Bueno, ¿y qué tiene que ver todo ello con la reforma y con la financiación de la Universidad?: muchísimo. Esos técnicos de niveles alto y medio de los que carecemos debería formarlos la institución universitaria, pero para lograrlo es necesario que sus lazos con la empresa sean estrechos, que las inversiones en I+D sean considerables y que la flexibilidad de adaptación (de los planes de estudio, de la contratación del profesorado, del equipamiento de laboratorios...) sea casi infinita. No es ningún secreto que estamos a años luz de ese horizonte. Por lo demás, el problema empieza ya antes: el grave, gravísimo hundimiento de la enseñanza secundaria que, para más inri, fue impulsado desde los sucesivos gobiernos de uno y otro signo,ha creado varios millones de escolares mal educados (también maleducados) e ignorantes que lo tienen crudo para competir en el mercado global.
Pero la Universidad no es sólo formación técnica, y esto se suele olvidar a menudo. El descrédito de las Humanidades es otra cara del mismo desastre. El desconocimiento de cómo es el mundo y de cómo son los seres humanos que lo poblamos está en el origen de la adopción de un modelo de vida absurdo -calcado de las películas y de los programas basura de la tele- que convierte a los ciudadanos en corderos y en víctimas propiciatorias de todas las regulaciones habidas y por haber. Súmase a ello el hecho -indiscutible- de que los españoles no sabemos idiomas y de que la apertura a los cambios vertiginosos que se producen en el mundo es lenta, sesgada y, casi siempre, ineficaz.

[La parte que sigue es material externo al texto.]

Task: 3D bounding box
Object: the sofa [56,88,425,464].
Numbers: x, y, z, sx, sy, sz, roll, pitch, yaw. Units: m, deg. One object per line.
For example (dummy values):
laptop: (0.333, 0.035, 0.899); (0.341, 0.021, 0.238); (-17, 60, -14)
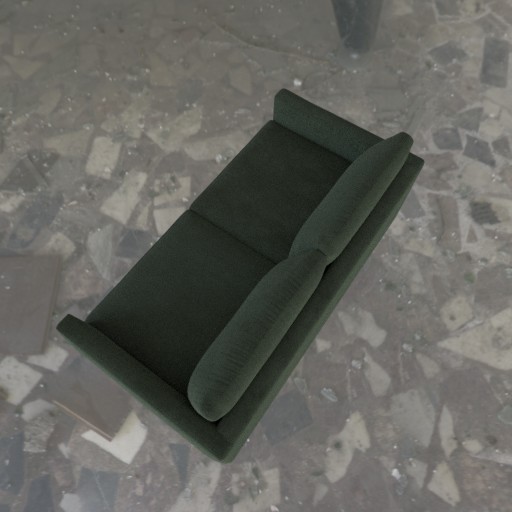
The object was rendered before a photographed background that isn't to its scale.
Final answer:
sofa: (0.000, 0.000, 2.161); (0.875, 0.817, 1.676); (32, 68, 15)
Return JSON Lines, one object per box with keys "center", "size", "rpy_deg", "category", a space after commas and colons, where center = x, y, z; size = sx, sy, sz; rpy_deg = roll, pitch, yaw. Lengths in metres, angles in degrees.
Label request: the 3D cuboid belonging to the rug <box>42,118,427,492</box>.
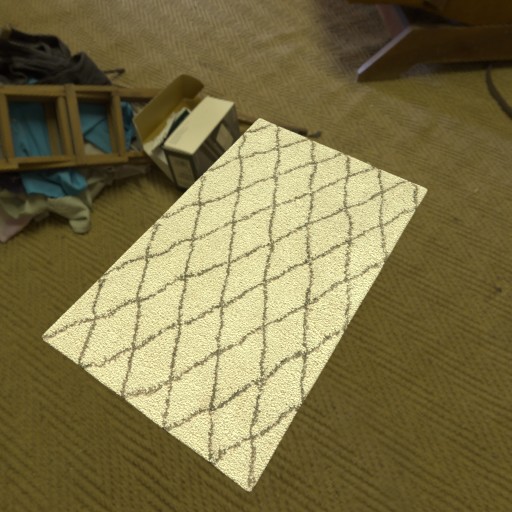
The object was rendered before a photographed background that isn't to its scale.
{"center": [0.000, 0.000, 3.021], "size": [1.524, 0.030, 2.438], "rpy_deg": [28, 60, 18], "category": "rug"}

No quisiera dar la impresión de que los políticos son los únicos culpables. La Universidad española también tiene su parte de culpa, y no pequeña. La tiene porque muchas veces ha primado la mediocridad sobre la innovación, el mantenimiento del statu quo sobre los cambios que obligaban a reciclarse, a trabajar y a dejar de explicar lo que aprendimos cuando hacíamos la tesis: ¿para cuándo un sistema de incentivos que privilegie la investigación y la creatividad en lugar de las pequeñas mafias de bar de Facultad? La tiene porque los pocos que se atrevieron a romper el consenso corporativista fueron marginados o desterrados a las tinieblas exteriores: ¿cómo es posible que a los que salieron y aprendieron algo nuevo -esos becarios postdoctorales- se les deje bien claro que el que fue a Sevilla perdió su silla? La tiene porque el mundo cambia más deprisa de lo que lo había hecho nunca y la "especialización" -un verdadero tótem universitario- carece de sentido si no se combina con la divulgación científica y con la interdisciplinariedad.
Sí, tiene razón el presidente: hace falta un cambio profundo.Y fíjense lo que les digo: el cambio de la Universidad española es más importante que el cambio del modelo económico, de nuestras relaciones con Europa o, si me apuran, del mismo marco constitucional. Porque, por increíble que les parezca, estas reformas presuponen la reforma universitaria. Una Universidad diferente se proyecta en miles de titulados distintos y éstos, a través de su actividad profesional, en millones de personas. Sin ella, todo lo demás será un ídolo con los pies de barro. Y si no, al tiempo.